Line by line, copy the entries exactly, excluding the pictures.

>>>>

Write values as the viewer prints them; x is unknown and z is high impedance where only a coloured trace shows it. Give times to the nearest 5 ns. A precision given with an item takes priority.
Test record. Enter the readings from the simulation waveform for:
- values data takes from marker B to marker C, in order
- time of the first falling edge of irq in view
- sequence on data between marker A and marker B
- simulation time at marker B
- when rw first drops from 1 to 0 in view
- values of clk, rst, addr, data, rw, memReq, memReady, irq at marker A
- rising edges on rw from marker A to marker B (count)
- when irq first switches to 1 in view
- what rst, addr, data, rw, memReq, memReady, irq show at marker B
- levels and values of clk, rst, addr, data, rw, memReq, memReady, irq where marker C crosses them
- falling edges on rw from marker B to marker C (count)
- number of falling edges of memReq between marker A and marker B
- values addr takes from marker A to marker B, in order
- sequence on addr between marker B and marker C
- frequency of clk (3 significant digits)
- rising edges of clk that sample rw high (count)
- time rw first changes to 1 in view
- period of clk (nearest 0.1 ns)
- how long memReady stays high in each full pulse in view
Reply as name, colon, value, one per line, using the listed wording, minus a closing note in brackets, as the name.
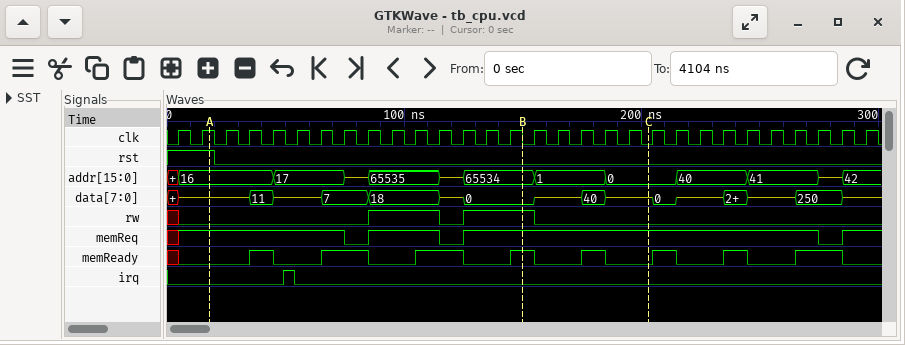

<<<<

## EXERCISE OUTPUT
Write values as the viewer prints them; x is unknown and z is high impedance where only a coloured trace shows it. Give times to the nearest 5 ns. A precision given with an item takes priority.
Test record. Enter the readings from the simulation waveform for:
- values data takes from marker B to marker C, in order
- time of the first falling edge of irq in view
- sequence on data between marker A and marker B
- simulation time at marker B
- when rw first drops from 1 to 0 in view
- values of clk, rst, addr, data, rw, memReq, memReady, irq at marker A
- rising edges on rw from marker A to marker B (count)
- when irq first switches to 1 in view
- what rst, addr, data, rw, memReq, memReady, irq show at marker B
- levels and values of clk, rst, addr, data, rw, memReq, memReady, irq where marker C crosses them
- falling edges on rw from marker B to marker C (count)
- number of falling edges of memReq between marker A and marker B
- values addr takes from marker A to marker B, in order
- sequence on addr between marker B and marker C
- frequency of clk (3 significant digits)
- rising edges of clk that sample rw high (count)
- time rw first changes to 1 in view
- period of clk (nearest 0.1 ns)
- how long memReady stays high in each full pulse in view
Reply as name, colon, value, one per line, using the listed wording, minus a closing note in brackets, as the name.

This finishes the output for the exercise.